**Task to complete**
Everything from the line containing "Page size: 1241x1754." through the line containing "For every layout" in the listing below should be copied exactly, and nothing more.

**Given information**
........
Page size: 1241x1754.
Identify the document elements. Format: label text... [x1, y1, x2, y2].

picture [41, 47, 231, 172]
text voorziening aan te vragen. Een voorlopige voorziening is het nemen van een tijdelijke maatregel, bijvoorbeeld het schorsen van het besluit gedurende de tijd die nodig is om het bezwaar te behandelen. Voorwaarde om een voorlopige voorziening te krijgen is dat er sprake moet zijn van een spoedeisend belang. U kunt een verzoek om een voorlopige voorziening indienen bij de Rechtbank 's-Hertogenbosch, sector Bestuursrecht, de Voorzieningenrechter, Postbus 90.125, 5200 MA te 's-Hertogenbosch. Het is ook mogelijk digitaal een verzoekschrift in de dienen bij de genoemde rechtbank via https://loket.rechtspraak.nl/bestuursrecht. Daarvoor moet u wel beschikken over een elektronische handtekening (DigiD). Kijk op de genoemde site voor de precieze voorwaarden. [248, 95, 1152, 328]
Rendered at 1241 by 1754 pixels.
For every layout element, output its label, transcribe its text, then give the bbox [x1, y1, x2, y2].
........
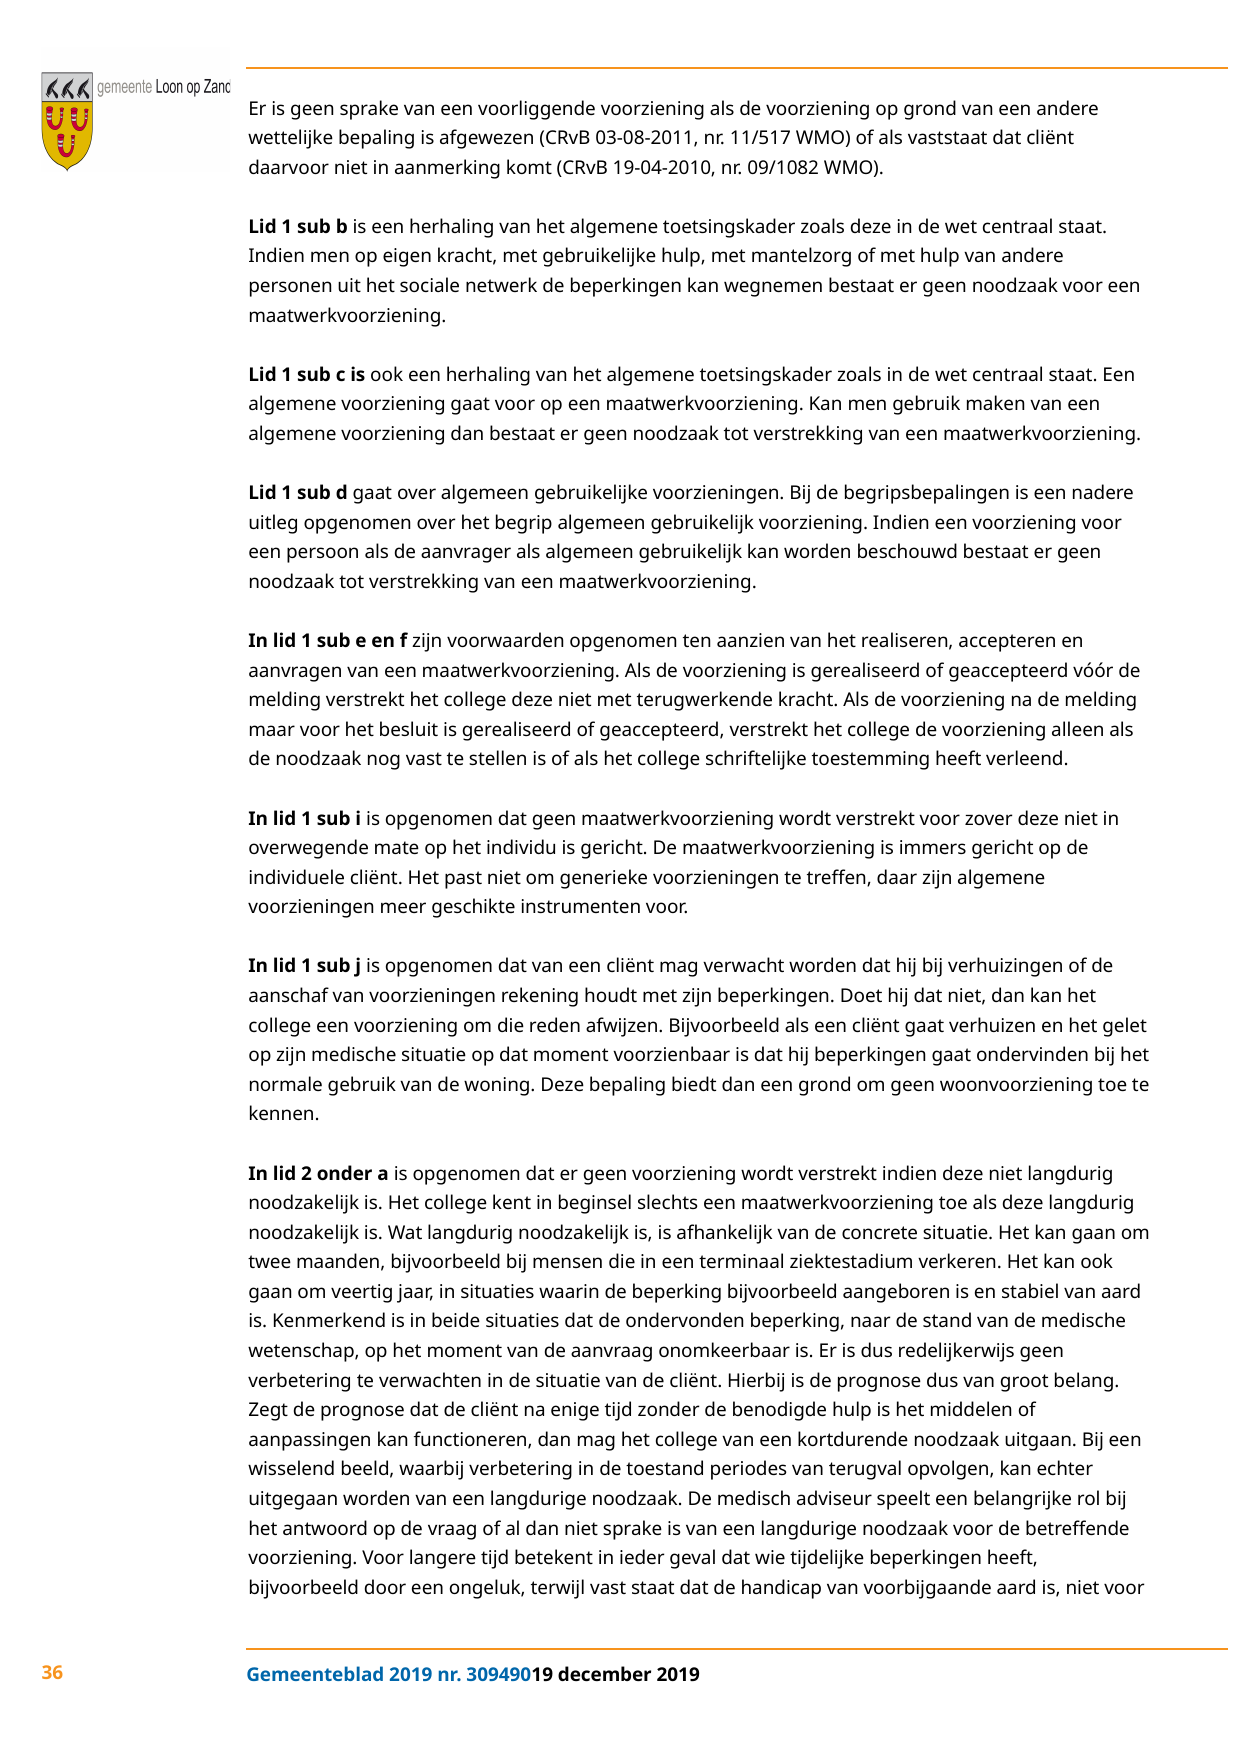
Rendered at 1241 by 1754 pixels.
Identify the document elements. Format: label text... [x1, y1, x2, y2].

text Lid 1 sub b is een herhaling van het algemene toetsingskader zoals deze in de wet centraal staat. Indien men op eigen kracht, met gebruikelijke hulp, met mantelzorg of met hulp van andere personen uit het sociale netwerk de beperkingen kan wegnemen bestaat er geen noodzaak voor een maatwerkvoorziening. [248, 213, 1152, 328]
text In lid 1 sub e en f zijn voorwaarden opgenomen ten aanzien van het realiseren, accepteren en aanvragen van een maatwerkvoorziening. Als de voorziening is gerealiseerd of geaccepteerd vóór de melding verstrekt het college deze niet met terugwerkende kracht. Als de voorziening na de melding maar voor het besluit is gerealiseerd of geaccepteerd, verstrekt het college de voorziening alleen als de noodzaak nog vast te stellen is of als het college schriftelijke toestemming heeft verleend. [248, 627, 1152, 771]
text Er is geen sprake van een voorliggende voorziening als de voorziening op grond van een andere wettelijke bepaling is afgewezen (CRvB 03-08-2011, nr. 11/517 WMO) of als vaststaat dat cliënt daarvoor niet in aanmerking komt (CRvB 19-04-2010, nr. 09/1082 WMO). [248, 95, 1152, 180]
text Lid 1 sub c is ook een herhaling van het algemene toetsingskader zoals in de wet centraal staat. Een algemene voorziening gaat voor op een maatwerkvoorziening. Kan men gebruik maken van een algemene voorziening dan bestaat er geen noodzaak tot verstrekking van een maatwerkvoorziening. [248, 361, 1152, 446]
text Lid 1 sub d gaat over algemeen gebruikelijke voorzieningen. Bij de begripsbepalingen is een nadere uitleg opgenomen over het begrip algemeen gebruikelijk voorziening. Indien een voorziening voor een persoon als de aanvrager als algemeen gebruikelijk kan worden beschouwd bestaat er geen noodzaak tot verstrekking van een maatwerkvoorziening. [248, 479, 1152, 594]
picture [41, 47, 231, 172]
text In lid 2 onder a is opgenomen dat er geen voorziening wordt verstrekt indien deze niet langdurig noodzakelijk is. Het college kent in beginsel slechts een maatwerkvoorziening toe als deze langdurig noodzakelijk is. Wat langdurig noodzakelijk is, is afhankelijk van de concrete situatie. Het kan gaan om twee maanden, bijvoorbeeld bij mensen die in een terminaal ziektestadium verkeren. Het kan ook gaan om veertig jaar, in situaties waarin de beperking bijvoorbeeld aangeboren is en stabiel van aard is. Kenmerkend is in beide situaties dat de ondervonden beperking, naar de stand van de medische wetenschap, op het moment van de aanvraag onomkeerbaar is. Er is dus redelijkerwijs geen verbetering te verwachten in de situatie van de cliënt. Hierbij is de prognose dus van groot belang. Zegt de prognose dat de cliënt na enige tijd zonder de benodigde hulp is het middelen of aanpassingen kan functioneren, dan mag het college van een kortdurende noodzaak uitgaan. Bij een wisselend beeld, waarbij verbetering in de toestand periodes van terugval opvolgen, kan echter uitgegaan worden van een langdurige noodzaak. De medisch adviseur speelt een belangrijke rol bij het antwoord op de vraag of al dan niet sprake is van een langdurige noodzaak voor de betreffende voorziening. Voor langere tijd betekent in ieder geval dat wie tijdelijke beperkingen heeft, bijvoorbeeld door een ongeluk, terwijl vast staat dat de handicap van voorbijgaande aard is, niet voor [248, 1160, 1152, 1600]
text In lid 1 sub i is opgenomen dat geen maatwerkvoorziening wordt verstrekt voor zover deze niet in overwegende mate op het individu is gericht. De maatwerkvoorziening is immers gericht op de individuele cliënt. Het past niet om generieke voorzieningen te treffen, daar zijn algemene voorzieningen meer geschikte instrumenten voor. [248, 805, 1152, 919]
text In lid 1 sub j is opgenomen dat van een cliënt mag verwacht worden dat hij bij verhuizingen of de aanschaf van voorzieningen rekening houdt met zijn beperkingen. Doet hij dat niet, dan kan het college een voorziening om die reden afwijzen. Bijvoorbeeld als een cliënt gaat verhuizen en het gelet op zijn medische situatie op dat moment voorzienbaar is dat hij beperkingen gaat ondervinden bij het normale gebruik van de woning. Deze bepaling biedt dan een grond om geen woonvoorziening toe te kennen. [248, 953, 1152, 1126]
........
**Exercise answer**
Page size: 1241x1754.
Identify the document elements. Format: label text... [x1, y1, x2, y2].

picture [41, 47, 231, 172]
text voorziening aan te vragen. Een voorlopige voorziening is het nemen van een tijdelijke maatregel, bijvoorbeeld het schorsen van het besluit gedurende de tijd die nodig is om het bezwaar te behandelen. Voorwaarde om een voorlopige voorziening te krijgen is dat er sprake moet zijn van een spoedeisend belang. U kunt een verzoek om een voorlopige voorziening indienen bij de Rechtbank 's-Hertogenbosch, sector Bestuursrecht, de Voorzieningenrechter, Postbus 90.125, 5200 MA te 's-Hertogenbosch. Het is ook mogelijk digitaal een verzoekschrift in de dienen bij de genoemde rechtbank via https://loket.rechtspraak.nl/bestuursrecht. Daarvoor moet u wel beschikken over een elektronische handtekening (DigiD). Kijk op de genoemde site voor de precieze voorwaarden. [248, 95, 1152, 328]
Rendered at 1241 by 1754 pixels.
For every layout element, output its label, transcribe its text, then give the bbox [x1, y1, x2, y2].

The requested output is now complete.